Tips dari The Washington Post di bawah ini bisa juga dijadikan sebagai pelajaran:
1. Banyak orang sebenarnya tidak membaca konten yang mereka bagikan. Mereka
hanya membaca judulnya. Untuk mencegah Anda sendiri menjadi penyebar hoaks,
hilangkanlah kebiasaan membagikan konten tanpa membaca isinya secara menyeluruh.
2. Orang sering tidak mempertimbangkan legitimasi sumber berita
Situs berita hoax bisa muncul tiap saat, tetapi kita sebenarnya bisa menghindari
jebakannya dengan bersikap lebih hati-hati melihat sebuah situs. Sikap hati-hati ini juga
berlaku bagi narasumber yang mereka kutip, minimal dengan mencari referensi lanjutan
di Google atau situs lain yang sudah terpercaya.
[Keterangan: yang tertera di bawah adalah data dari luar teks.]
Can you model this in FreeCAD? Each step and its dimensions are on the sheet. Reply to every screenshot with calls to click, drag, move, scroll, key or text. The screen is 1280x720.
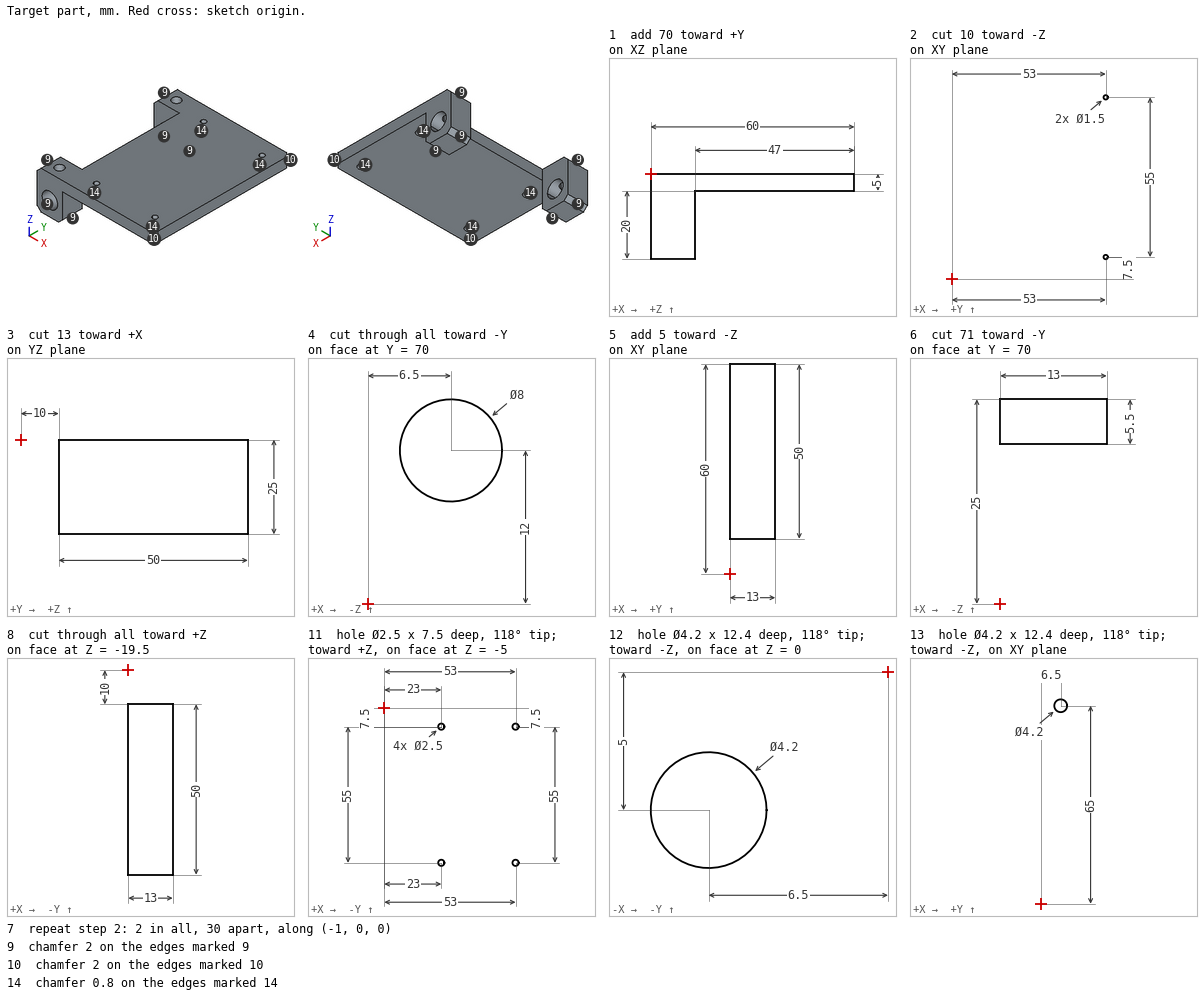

3. Orang cenderung mudah kena bias konfirmasi
Orang punya kecenderungan untuk menyukai konten yang memperkuat kepercayaan
atau ideologi diri atau kelompoknya. Hal ini membuat kita rentan membagikan konten
yang sesuai dengan pandangan kita, sekalipun konten tersebut hoax. Jika Anda
membaca berita yang betul-betul secara sempurna mengukuhkan keyakinan Anda,
Anda harus lebih berhati-hati dan tidak buru-buru memencet tombol Share.
4. Orang mengukur legitimasi konten dari berita terkait
Sebuah berita belum tentu bukan hoax hanya karena Anda melihat konten terkait di
media sosial. Jangan buru-buru menyimpulkan lalu ikut membagikannya. Kadang-
kadang, hoax memang diolah dari berita media terpercaya, hanya saja isinya sudah
diplintir.
5. Waspada dengan bentuk forward messages
Pernahkah Anda mendapatkan pesan yang diteruskan dari media sosial? Tentu pernah!
Maraknya berita hoax dari media sosial tentu sangat meresahkan. Biasanya oknum hoax akan
menyebarkan ke banyak orang dengan dalih isinya meminta untuk segera diteruskan ke banyak
orang, berupa ancaman jika Anda tidak meneruskan pesan tersebut, atau mendapatkan hadiah.
Jika Anda menerima pesan seperti itu, segera hapus dan abaikan!

6. Makin sering orang melihat sebuah konten, makin mudah mereka


mempercayainya
Hanya karena banyak teman-teman Anda share berita tertentu, bukan berarti berita
tersebut pasti benar. Alih-alih langsung mempercayai dan membagikannya, Anda bisa
mencegah ikut ramai-ramai termakan hoax dengan melakukan pengecekan lebih lanjut.